The Wireless infrastructure is provided by a handful of strategically placed TP-Link Omada APs. Most are EAP 225s and there's a few outdoor Omada APs (I forget the model). Most are powered via PoE from the TP-Link switch. An Omada SDN controller links and manages all of the APs. This system provides one SSID for each of the 9 VLANs described above. The SDN adds and removes VLAN tags on traffic from each appropriate VLAN.

The router runs Tayga to provide NAT64 services for all devices in the house. The DNS server on the router is setup for DNS64. An IPv6 tunnel to Hurricane Electric is also running on the router. This provides my access to 2001:470:e1da::/48. I rather like this allocation, as when I squint at the 70:e1da part it looks almost like Zelda, one of my favourite video game series. My router sends ::/0 out directly over the Verizon FIOS link. This causes a problem, as Verizon won't (for some sensible reasons) route IP traffic with a source address from outside my allocation. They want to prevent spoofing and to prevent misconfiguration. But global traffic bound for 2001:470:e1d::/48 emerges from the tunnel in my router, so there's that half of the link already. From there, it's already capable of sending it to various machines in this lab. The 2001:470:e1da:1ab::/64 (1ab looks like lab) subnet is dedicated to the lab. And for this webserver, I assigned 2001:470:e1da:1ab::b106 (looks like blog) as a cool-looking 6-address. When my webserver responds to your traffic, it normally would come back via the Verizon direct route. However, instead I have to setup dual fibs on my router and a few pf rules to cause traffic originating from my HE mapped network to go back out over the HE tunnel.
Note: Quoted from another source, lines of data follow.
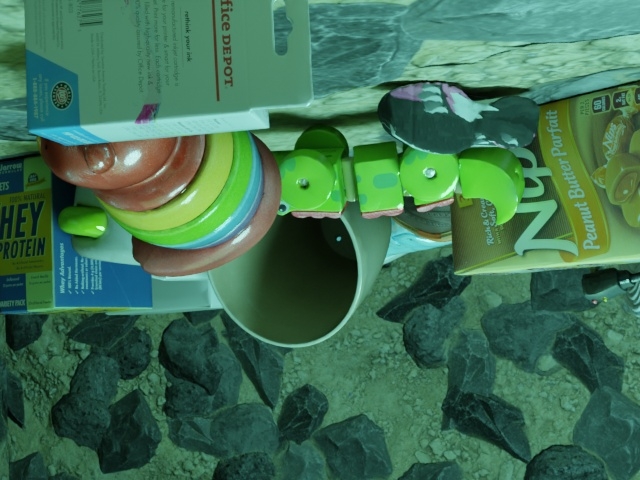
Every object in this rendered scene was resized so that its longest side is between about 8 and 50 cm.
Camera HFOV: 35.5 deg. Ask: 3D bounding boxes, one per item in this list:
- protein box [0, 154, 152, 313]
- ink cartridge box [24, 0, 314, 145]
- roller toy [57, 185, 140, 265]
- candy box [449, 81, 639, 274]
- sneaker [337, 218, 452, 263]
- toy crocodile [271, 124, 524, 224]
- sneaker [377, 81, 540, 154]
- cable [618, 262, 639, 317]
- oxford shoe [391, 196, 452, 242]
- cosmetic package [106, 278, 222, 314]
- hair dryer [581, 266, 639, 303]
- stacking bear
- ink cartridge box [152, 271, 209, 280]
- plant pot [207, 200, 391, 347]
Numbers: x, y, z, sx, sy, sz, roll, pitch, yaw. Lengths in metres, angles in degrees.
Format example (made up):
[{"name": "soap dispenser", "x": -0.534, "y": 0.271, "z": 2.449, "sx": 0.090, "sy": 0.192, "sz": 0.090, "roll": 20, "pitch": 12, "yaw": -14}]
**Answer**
[{"name": "protein box", "x": -0.343, "y": -0.001, "z": 1.352, "sx": 0.136, "sy": 0.199, "sz": 0.201, "roll": -6, "pitch": 174, "yaw": 27}, {"name": "ink cartridge box", "x": -0.092, "y": -0.122, "z": 0.641, "sx": 0.182, "sy": 0.104, "sz": 0.061, "roll": -3, "pitch": 175, "yaw": 8}, {"name": "roller toy", "x": -0.204, "y": -0.046, "z": 1.234, "sx": 0.191, "sy": 0.146, "sz": 0.209, "roll": 6, "pitch": -179, "yaw": 4}, {"name": "candy box", "x": 0.288, "y": -0.062, "z": 1.117, "sx": 0.088, "sy": 0.182, "sz": 0.317, "roll": 3, "pitch": 173, "yaw": -42}, {"name": "sneaker", "x": 0.134, "y": -0.039, "z": 1.706, "sx": 0.366, "sy": 0.135, "sz": 0.150, "roll": -15, "pitch": 167, "yaw": 17}, {"name": "toy crocodile", "x": 0.055, "y": -0.070, "z": 1.124, "sx": 0.341, "sy": 0.105, "sz": 0.115, "roll": -3, "pitch": -157, "yaw": 8}, {"name": "sneaker", "x": 0.133, "y": -0.121, "z": 1.033, "sx": 0.178, "sy": 0.071, "sz": 0.077, "roll": 6, "pitch": -178, "yaw": -27}, {"name": "cable", "x": 0.441, "y": -0.019, "z": 1.285, "sx": 0.089, "sy": 0.257, "sz": 0.257, "roll": 1, "pitch": -178, "yaw": 6}, {"name": "oxford shoe", "x": 0.203, "y": -0.081, "z": 1.451, "sx": 0.133, "sy": 0.130, "sz": 0.364, "roll": 39, "pitch": 159, "yaw": -30}, {"name": "cosmetic package", "x": -0.279, "y": 0.047, "z": 2.009, "sx": 0.155, "sy": 0.196, "sz": 0.366, "roll": 2, "pitch": 175, "yaw": -45}, {"name": "hair dryer", "x": 0.390, "y": -0.050, "z": 1.111, "sx": 0.294, "sy": 0.223, "sz": 0.080, "roll": -13, "pitch": 176, "yaw": 43}, {"name": "stacking bear", "x": -0.152, "y": -0.077, "z": 0.911, "sx": 0.164, "sy": 0.175, "sz": 0.289, "roll": -2, "pitch": 168, "yaw": 15}, {"name": "ink cartridge box", "x": -0.238, "y": -0.005, "z": 1.644, "sx": 0.207, "sy": 0.117, "sz": 0.283, "roll": 10, "pitch": -177, "yaw": 29}, {"name": "plant pot", "x": 0.000, "y": 0.000, "z": 1.554, "sx": 0.257, "sy": 0.256, "sz": 0.274, "roll": -5, "pitch": -169, "yaw": 27}]

Thus only really the web traffic goes over the HE tunnel, but my normal home and business traffic go out over the proper 6-link for Verizon.
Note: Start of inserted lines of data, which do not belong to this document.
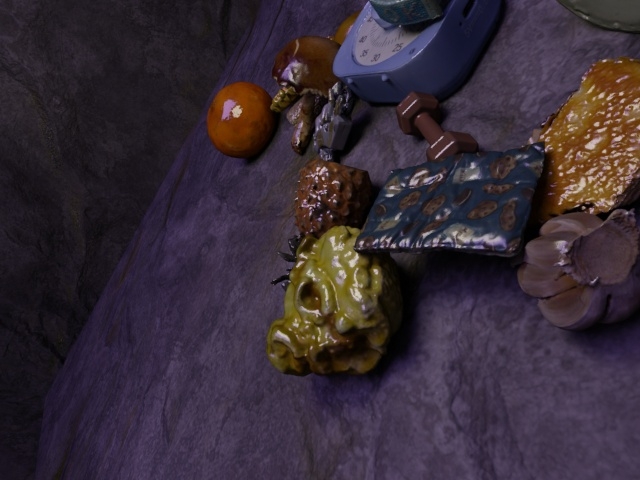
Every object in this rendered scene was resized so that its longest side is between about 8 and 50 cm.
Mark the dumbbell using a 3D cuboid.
[{"bbox_3d":[0.216,-0.201,0.761,0.092,0.082,0.230,-44,37,26],"label":"dumbbell"}]

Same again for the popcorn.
[{"bbox_3d":[0.036,0.115,0.690,0.225,0.174,0.285,11,73,50],"label":"popcorn"}]

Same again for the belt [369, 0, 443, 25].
[{"bbox_3d":[0.161,-0.495,0.767,0.163,0.082,0.147,10,83,40],"label":"belt"}]

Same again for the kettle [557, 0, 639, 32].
[{"bbox_3d":[0.487,-0.511,0.537,0.376,0.250,0.361,-50,7,13],"label":"kettle"}]

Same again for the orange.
[{"bbox_3d":[-0.296,-0.449,1.496,0.284,0.226,0.283,-26,53,42],"label":"orange"}]

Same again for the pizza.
[{"bbox_3d":[0.336,-0.097,0.536,0.297,0.071,0.189,-50,35,18],"label":"pizza"}]

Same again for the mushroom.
[{"bbox_3d":[-0.053,-0.443,1.157,0.302,0.208,0.233,-38,34,44],"label":"mushroom"}]

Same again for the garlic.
[{"bbox_3d":[0.288,0.036,0.483,0.131,0.127,0.194,-47,5,-11],"label":"garlic"}]

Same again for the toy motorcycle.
[{"bbox_3d":[0.028,-0.298,1.051,0.152,0.073,0.225,-119,38,-50],"label":"toy motorcycle"}]

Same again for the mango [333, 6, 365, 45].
[{"bbox_3d":[0.133,-0.625,1.176,0.227,0.099,0.136,-32,36,24],"label":"mango"}]

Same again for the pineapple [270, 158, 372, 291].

My DNS server presents itself to the wider internet over both modern and legacy IP. I do still run a "split-horizon" DNS, however. This is because in addition to the 2000::/3 GUA addresses I provision internally, I also run fd00::/8 ULA addresses internally. This is to permit me to keep static addresses for machines in my network (and not have to alter DNS records every time Verizon decides to change my public address allocations). I can ssh router.local, even when public network addresses change, just like I used to do when running legacy IP. I'm moving towards making all publicly advertised machines expose addresses from 2001:470:e1da::/48, just like this webserver does. This webserver is an experiment of that technique. However, the primary limitation there is that I must make sure that all machines have 2600:4000::/24 allocations such that I can craft most traffic to go out over the Verizon link.